THE TASK: Beginning with the first line of the material, set down each line exactly as written, up to and including the line with "roll pitch yaw".

▬▬▬▬▬▬

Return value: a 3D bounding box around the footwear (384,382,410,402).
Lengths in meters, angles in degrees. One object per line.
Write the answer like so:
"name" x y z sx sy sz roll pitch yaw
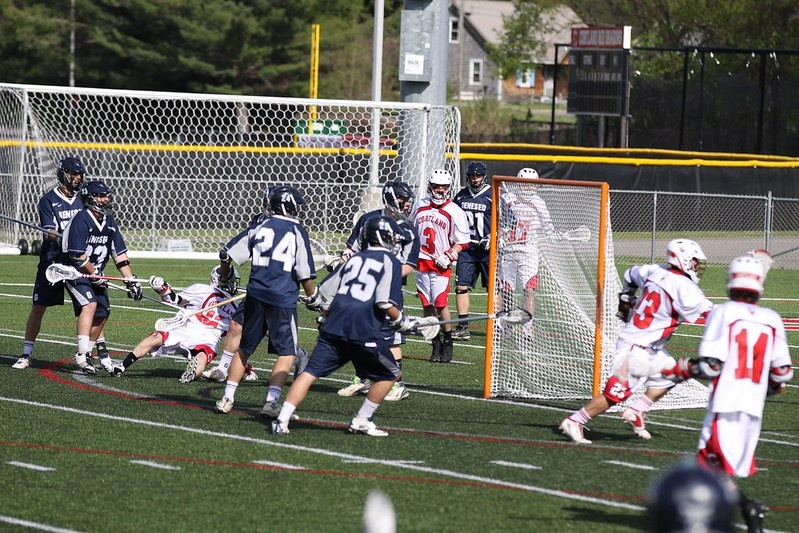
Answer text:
"footwear" -0.059 1.392 10.928 0.132 0.172 0.361 -3 -2 37

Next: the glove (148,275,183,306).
"glove" -2.730 0.332 11.812 0.222 0.208 0.650 -6 -29 18

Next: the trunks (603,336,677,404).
"trunks" 2.300 0.992 9.612 0.777 0.613 0.337 0 13 -3

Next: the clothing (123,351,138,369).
"clothing" -3.089 1.064 11.356 0.115 0.179 0.240 1 3 -38

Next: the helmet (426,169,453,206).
"helmet" 0.524 -1.014 12.697 0.263 0.436 0.347 3 2 1

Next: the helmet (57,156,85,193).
"helmet" -3.946 -1.137 11.821 0.391 0.359 0.299 8 10 11

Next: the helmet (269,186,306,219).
"helmet" -1.146 -0.658 10.213 0.369 0.335 0.275 -8 11 -34

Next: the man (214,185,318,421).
"man" -1.364 0.390 10.283 1.029 2.420 0.840 5 -4 13

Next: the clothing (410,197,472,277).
"clothing" 0.525 -0.366 12.799 1.065 1.110 0.405 3 1 2

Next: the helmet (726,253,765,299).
"helmet" 2.817 0.101 7.984 0.333 0.382 0.419 8 5 28

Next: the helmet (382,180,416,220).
"helmet" -0.062 -0.776 11.350 0.413 0.375 0.328 4 -1 3

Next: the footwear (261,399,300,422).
"footwear" -1.209 1.448 10.058 0.158 0.215 0.484 3 2 39

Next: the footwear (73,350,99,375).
"footwear" -3.614 1.101 11.488 0.242 0.267 0.282 2 2 -19

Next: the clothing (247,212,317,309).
"clothing" -1.225 -0.095 10.151 0.946 0.910 0.403 14 9 21

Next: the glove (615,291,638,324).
"glove" 2.242 0.408 9.955 0.221 0.279 0.283 -3 -3 -39

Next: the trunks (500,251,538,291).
"trunks" 1.293 0.053 11.193 0.419 0.396 0.233 -7 2 -28

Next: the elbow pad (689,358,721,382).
"elbow pad" 2.415 0.803 7.818 0.199 0.109 0.249 -1 7 17

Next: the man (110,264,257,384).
"man" -2.324 0.583 11.602 1.184 0.608 1.604 21 34 10

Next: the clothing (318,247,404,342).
"clothing" -0.341 0.287 9.630 0.927 0.905 0.503 6 -1 31

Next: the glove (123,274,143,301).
"glove" -3.187 0.262 11.959 0.216 0.298 0.136 2 29 31

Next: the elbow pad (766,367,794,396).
"elbow pad" 3.045 0.900 7.959 0.131 0.161 0.358 -2 -4 6

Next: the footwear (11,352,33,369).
"footwear" -4.414 1.105 11.621 0.197 0.157 0.319 2 2 -21

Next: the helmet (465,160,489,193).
"helmet" 1.100 -1.281 14.029 0.322 0.430 0.439 0 4 7

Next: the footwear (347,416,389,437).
"footwear" -0.325 1.561 9.765 0.445 0.184 0.156 6 3 -6

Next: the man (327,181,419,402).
"man" -0.288 0.274 11.236 1.006 2.440 0.838 2 2 6

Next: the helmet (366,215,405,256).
"helmet" -0.145 -0.280 9.756 0.437 0.389 0.335 3 -4 -12

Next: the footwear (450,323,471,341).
"footwear" 0.892 0.952 14.261 0.407 0.200 0.139 4 7 26

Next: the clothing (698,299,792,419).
"clothing" 2.728 0.722 7.838 0.700 0.733 0.304 4 2 12

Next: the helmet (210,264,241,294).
"helmet" -1.922 0.141 11.354 0.388 0.348 0.298 -5 13 -29

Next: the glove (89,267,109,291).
"glove" -3.476 0.138 11.502 0.251 0.099 0.185 45 11 -24

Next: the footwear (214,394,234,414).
"footwear" -1.790 1.408 10.205 0.121 0.117 0.247 3 9 -4

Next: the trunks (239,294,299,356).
"trunks" -1.317 0.572 10.042 0.621 0.697 0.267 7 12 2

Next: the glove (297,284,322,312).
"glove" -0.850 0.333 10.306 0.146 0.191 0.418 -12 24 -32

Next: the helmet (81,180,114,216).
"helmet" -3.502 -0.811 11.449 0.413 0.368 0.320 3 6 -3

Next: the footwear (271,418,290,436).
"footwear" -1.140 1.555 9.606 0.136 0.172 0.182 -3 -20 1

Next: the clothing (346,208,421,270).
"clothing" -0.130 -0.282 10.566 0.737 0.770 0.324 2 13 -3

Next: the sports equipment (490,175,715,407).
"sports equipment" 2.213 0.214 11.515 2.039 2.359 2.093 3 2 34

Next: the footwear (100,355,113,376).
"footwear" -3.327 1.116 11.403 0.123 0.264 0.098 -11 5 16

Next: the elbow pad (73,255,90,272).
"elbow pad" -3.628 -0.039 11.349 0.165 0.192 0.105 2 2 -19

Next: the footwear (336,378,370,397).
"footwear" -0.468 1.352 11.269 0.475 0.226 0.165 -3 10 -11

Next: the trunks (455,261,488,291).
"trunks" 1.014 0.118 14.007 0.549 0.474 0.196 -3 1 -35

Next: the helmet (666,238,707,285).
"helmet" 2.762 -0.064 9.544 0.411 0.401 0.321 5 5 4
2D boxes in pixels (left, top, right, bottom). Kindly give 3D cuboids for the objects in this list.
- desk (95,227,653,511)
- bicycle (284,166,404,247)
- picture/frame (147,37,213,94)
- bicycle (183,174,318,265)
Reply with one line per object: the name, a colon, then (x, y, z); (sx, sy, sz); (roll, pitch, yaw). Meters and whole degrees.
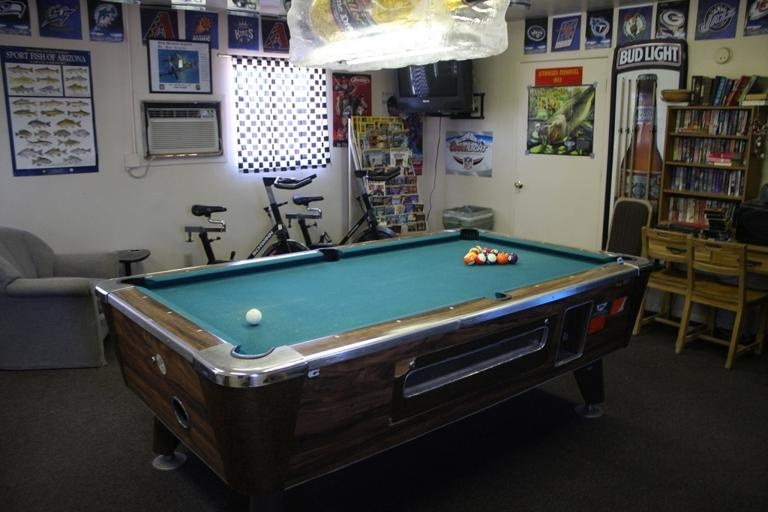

▬▬▬▬▬▬

SOLUTION:
Return value: a 3D bounding box around the footwear (384,382,410,402).
Lengths in meters, angles in degrees. One object per line.
Write the answer like so:
"name" x y z sx sy sz roll pitch yaw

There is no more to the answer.